• _Exercise_:
Among the records, how many lines contain "drawing"? Only the number is needed.

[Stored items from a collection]
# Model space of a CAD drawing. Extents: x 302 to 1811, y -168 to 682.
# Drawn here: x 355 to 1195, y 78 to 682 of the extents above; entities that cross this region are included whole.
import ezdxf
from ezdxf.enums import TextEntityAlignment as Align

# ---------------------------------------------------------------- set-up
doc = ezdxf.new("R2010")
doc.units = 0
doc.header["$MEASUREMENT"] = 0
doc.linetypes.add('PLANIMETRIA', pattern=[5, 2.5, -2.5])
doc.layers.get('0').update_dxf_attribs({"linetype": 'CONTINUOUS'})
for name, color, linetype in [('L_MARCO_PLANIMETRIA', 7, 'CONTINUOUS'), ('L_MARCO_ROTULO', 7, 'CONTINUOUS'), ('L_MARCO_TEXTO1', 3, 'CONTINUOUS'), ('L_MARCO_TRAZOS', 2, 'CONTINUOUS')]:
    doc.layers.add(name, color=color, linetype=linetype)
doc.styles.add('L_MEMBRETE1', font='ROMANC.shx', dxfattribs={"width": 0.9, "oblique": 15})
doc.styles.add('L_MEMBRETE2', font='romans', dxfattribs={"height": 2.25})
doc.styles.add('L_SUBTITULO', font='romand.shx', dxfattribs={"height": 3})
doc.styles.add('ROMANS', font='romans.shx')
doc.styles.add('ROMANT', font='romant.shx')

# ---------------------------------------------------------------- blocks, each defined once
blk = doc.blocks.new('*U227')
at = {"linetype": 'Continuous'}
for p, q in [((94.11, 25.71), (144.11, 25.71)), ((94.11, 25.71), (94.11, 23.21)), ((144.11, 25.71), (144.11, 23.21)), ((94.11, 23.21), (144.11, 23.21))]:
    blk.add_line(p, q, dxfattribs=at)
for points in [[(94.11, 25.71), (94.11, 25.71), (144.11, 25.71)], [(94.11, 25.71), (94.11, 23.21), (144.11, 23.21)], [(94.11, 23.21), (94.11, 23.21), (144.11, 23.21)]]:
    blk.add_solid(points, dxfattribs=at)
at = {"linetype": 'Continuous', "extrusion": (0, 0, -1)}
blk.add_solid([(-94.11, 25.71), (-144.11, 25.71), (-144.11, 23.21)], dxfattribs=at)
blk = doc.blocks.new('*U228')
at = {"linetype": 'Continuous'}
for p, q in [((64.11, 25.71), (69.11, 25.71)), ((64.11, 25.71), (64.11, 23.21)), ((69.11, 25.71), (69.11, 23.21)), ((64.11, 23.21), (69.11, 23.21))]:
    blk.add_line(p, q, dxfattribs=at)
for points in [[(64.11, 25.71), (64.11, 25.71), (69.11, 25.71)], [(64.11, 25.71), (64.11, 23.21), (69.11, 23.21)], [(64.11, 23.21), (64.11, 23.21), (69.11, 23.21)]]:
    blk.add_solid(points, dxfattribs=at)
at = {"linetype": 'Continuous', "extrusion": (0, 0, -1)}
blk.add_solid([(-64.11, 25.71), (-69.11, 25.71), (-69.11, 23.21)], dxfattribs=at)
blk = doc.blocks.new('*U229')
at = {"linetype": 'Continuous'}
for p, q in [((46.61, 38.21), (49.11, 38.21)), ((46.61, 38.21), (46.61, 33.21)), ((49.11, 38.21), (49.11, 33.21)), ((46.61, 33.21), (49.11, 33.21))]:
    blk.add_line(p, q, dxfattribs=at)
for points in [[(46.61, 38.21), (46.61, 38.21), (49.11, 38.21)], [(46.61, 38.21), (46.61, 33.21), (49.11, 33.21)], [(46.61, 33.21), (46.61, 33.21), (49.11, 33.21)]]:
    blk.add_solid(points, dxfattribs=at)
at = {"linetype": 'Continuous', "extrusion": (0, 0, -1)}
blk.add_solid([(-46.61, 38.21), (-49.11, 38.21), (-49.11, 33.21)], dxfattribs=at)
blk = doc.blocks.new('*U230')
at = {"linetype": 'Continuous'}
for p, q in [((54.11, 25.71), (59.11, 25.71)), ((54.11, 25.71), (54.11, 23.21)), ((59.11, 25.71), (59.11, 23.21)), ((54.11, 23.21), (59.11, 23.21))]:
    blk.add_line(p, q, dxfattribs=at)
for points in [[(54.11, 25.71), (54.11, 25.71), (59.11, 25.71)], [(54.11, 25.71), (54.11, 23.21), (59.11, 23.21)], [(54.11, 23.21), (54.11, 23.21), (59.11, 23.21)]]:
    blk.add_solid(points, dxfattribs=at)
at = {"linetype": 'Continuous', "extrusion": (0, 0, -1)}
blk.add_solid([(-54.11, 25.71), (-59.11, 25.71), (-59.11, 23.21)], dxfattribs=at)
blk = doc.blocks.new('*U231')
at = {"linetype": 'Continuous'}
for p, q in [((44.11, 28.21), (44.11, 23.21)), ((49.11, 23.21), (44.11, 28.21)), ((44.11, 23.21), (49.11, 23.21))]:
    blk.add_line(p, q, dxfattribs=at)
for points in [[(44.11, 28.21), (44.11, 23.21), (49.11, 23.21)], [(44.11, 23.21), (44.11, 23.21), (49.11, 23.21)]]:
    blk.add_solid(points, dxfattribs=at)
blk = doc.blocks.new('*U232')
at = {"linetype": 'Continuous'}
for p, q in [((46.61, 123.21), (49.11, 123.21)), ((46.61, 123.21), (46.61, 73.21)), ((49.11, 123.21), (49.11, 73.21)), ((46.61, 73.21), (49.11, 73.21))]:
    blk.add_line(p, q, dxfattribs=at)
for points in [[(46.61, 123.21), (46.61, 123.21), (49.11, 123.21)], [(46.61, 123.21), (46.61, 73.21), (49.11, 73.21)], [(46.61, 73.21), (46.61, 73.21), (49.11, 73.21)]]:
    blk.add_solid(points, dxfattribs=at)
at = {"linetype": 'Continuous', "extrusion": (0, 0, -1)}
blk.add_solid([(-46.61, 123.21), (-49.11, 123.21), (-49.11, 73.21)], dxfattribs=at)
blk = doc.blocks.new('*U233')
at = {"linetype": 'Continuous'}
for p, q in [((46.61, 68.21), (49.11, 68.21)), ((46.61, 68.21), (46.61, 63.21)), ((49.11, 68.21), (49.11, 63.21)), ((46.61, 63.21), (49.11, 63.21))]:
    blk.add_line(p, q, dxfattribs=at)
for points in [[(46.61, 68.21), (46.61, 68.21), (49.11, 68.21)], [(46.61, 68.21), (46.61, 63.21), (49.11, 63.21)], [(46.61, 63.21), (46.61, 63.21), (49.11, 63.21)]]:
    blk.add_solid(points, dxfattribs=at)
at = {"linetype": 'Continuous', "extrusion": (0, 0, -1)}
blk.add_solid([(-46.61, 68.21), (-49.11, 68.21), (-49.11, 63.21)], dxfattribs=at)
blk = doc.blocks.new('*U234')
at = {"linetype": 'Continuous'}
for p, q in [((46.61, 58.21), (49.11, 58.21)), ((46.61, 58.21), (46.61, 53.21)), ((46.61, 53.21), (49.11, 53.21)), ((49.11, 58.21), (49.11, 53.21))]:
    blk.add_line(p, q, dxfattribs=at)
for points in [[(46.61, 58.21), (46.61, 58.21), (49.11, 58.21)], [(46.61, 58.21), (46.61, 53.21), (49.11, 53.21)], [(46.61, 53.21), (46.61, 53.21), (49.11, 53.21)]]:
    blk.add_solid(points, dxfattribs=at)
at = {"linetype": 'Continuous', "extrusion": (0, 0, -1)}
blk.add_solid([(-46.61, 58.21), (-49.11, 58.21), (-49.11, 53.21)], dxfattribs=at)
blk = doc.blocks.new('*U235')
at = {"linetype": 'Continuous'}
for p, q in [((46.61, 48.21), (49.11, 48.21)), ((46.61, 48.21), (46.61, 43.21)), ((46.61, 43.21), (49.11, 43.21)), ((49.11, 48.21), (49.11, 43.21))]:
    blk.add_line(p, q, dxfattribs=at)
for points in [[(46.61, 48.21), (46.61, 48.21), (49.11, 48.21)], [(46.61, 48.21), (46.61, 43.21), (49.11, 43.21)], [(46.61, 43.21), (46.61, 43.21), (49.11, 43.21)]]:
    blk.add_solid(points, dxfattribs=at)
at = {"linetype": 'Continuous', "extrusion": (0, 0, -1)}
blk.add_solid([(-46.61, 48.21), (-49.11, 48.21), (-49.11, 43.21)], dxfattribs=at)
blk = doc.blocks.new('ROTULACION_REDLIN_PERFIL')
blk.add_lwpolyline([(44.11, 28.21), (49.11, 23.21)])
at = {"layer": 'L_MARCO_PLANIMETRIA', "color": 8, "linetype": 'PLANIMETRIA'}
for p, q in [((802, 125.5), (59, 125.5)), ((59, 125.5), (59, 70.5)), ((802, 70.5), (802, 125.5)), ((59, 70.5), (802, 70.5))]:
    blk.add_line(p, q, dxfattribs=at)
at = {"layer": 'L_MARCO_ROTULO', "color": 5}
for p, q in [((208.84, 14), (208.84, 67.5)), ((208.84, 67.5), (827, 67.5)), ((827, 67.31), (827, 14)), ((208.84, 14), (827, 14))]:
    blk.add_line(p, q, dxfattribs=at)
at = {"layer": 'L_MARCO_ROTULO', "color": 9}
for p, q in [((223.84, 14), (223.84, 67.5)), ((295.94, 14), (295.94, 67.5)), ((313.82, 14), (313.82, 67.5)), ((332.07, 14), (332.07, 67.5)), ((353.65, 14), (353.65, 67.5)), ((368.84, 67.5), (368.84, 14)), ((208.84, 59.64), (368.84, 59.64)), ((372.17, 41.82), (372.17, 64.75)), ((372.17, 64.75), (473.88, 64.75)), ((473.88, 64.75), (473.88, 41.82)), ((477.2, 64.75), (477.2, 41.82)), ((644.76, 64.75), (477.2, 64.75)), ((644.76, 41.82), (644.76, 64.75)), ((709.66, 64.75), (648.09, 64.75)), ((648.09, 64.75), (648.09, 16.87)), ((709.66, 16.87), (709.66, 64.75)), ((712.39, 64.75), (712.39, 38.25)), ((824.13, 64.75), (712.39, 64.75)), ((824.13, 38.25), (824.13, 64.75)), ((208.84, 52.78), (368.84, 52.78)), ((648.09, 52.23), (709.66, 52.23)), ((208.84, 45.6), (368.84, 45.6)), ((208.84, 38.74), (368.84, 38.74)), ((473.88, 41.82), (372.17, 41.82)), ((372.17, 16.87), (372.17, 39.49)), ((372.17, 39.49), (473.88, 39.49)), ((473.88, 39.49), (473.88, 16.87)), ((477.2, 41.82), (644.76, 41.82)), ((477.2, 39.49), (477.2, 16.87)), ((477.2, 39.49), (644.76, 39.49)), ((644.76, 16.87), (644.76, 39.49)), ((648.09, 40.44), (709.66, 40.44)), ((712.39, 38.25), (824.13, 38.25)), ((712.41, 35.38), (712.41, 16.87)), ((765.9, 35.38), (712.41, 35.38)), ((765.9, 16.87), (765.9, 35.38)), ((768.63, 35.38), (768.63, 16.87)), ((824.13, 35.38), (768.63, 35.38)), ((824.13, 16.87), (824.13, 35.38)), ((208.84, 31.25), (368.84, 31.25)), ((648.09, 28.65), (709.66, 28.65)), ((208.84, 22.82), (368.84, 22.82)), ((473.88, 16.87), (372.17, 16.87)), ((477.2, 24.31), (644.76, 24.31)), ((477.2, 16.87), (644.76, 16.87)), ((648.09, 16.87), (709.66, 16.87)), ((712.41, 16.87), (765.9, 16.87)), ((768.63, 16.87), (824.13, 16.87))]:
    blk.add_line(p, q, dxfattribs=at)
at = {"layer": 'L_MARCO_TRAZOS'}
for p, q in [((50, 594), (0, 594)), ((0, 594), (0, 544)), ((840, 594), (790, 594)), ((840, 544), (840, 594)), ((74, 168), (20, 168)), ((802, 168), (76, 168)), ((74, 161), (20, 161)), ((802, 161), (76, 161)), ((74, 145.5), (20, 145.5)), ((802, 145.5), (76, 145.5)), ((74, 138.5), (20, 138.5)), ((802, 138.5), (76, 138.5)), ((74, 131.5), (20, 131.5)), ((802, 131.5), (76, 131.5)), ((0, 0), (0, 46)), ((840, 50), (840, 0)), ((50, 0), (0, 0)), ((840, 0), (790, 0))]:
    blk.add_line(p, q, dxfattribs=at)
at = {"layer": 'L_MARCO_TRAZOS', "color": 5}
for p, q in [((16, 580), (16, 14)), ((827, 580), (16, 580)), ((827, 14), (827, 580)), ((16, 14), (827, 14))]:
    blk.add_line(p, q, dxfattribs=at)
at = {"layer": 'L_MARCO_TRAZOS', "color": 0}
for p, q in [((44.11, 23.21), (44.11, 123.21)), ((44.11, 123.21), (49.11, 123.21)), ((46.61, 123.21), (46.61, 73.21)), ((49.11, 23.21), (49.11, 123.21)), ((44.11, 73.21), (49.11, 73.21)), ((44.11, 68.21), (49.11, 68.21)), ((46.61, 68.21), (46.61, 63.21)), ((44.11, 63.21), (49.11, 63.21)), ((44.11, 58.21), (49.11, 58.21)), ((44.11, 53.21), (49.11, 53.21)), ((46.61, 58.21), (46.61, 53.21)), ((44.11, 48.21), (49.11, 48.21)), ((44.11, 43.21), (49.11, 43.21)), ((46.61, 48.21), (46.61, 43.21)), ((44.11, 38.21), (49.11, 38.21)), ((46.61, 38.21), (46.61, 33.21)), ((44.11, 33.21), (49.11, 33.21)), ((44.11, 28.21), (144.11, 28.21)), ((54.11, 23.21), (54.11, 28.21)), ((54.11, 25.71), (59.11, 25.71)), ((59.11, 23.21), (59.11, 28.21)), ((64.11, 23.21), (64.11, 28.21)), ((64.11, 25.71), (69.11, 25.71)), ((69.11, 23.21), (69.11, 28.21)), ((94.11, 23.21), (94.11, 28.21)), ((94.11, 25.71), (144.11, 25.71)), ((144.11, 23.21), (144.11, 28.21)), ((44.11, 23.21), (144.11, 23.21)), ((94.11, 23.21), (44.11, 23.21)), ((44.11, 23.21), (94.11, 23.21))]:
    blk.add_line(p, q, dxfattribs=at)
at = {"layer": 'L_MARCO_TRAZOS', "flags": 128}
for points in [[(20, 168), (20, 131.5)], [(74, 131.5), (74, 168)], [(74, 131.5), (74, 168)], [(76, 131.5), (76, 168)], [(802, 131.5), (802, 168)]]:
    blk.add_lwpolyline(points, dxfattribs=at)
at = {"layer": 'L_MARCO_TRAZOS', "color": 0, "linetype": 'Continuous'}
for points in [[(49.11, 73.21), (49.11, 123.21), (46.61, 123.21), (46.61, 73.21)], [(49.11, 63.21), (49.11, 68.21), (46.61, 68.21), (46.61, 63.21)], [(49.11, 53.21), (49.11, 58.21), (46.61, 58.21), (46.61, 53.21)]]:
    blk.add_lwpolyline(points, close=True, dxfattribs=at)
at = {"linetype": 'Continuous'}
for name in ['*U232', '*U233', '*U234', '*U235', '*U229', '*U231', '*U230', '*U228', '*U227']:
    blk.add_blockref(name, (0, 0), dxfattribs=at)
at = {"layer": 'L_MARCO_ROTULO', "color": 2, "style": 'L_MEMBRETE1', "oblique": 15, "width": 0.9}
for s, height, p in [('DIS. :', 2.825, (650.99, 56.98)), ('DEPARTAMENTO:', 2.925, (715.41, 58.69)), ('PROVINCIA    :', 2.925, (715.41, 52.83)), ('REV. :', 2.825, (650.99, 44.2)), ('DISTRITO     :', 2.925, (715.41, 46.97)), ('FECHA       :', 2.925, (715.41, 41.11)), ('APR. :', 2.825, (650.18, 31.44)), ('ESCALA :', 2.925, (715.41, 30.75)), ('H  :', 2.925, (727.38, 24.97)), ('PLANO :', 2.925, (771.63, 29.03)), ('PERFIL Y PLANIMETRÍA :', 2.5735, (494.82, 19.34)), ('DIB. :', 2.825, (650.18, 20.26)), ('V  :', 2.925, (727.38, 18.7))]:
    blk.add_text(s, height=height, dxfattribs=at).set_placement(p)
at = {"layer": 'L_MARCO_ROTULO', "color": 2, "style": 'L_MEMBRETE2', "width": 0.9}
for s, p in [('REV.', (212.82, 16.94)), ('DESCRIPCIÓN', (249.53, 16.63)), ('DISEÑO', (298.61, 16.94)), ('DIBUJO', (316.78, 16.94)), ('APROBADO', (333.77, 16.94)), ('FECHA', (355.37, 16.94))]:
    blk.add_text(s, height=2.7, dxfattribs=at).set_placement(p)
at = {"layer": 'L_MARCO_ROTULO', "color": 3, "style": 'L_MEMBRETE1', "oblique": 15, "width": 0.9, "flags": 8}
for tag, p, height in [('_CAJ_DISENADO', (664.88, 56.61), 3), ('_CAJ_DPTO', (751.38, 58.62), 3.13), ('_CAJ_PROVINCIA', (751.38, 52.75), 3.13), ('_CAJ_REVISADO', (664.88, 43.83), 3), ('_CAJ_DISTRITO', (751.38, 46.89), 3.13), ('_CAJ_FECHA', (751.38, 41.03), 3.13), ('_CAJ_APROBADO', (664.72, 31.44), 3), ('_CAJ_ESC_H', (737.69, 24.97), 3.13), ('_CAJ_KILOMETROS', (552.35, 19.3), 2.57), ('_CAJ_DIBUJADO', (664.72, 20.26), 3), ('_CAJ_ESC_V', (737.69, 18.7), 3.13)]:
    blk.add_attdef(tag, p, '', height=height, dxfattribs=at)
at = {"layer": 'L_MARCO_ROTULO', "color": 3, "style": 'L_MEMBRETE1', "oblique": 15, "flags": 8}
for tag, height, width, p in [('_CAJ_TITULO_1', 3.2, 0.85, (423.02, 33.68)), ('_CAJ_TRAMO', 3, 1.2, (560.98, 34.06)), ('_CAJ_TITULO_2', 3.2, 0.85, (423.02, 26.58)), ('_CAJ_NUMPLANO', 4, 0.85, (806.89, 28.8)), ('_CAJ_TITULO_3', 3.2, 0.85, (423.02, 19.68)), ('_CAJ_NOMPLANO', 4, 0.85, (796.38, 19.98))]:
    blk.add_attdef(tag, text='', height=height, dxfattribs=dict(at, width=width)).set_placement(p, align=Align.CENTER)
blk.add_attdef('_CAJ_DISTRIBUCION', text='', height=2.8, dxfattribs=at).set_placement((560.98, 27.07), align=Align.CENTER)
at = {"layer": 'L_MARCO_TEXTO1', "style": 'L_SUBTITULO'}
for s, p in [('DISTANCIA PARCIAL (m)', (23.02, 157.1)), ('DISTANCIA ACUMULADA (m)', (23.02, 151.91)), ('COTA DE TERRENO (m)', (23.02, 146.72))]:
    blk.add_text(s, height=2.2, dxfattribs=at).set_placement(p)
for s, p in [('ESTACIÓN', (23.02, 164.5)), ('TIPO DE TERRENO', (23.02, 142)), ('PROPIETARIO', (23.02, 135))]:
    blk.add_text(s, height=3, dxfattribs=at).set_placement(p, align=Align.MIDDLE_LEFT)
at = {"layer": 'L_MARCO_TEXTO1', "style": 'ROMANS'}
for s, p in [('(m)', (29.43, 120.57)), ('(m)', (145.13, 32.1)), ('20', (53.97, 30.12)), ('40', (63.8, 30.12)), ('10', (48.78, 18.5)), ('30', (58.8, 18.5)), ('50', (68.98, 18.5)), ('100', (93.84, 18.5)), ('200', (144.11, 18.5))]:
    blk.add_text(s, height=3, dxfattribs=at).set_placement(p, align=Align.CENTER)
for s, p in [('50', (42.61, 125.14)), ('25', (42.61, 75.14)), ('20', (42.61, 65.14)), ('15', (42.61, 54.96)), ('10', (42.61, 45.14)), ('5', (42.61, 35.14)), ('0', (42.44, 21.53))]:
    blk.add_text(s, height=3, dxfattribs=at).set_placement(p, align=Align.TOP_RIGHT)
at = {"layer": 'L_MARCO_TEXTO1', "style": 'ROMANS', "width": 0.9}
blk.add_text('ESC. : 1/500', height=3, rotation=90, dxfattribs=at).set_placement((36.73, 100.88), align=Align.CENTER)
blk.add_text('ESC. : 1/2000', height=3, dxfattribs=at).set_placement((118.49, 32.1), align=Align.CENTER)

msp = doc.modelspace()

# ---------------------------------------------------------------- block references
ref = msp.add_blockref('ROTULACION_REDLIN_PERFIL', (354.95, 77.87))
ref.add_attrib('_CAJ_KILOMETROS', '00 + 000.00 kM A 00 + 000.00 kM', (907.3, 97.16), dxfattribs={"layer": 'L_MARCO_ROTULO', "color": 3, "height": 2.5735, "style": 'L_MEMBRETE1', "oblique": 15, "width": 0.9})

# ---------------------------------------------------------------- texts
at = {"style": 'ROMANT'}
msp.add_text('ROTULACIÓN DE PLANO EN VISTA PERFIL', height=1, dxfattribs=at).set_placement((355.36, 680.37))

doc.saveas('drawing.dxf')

• _Result of the exercise_:
2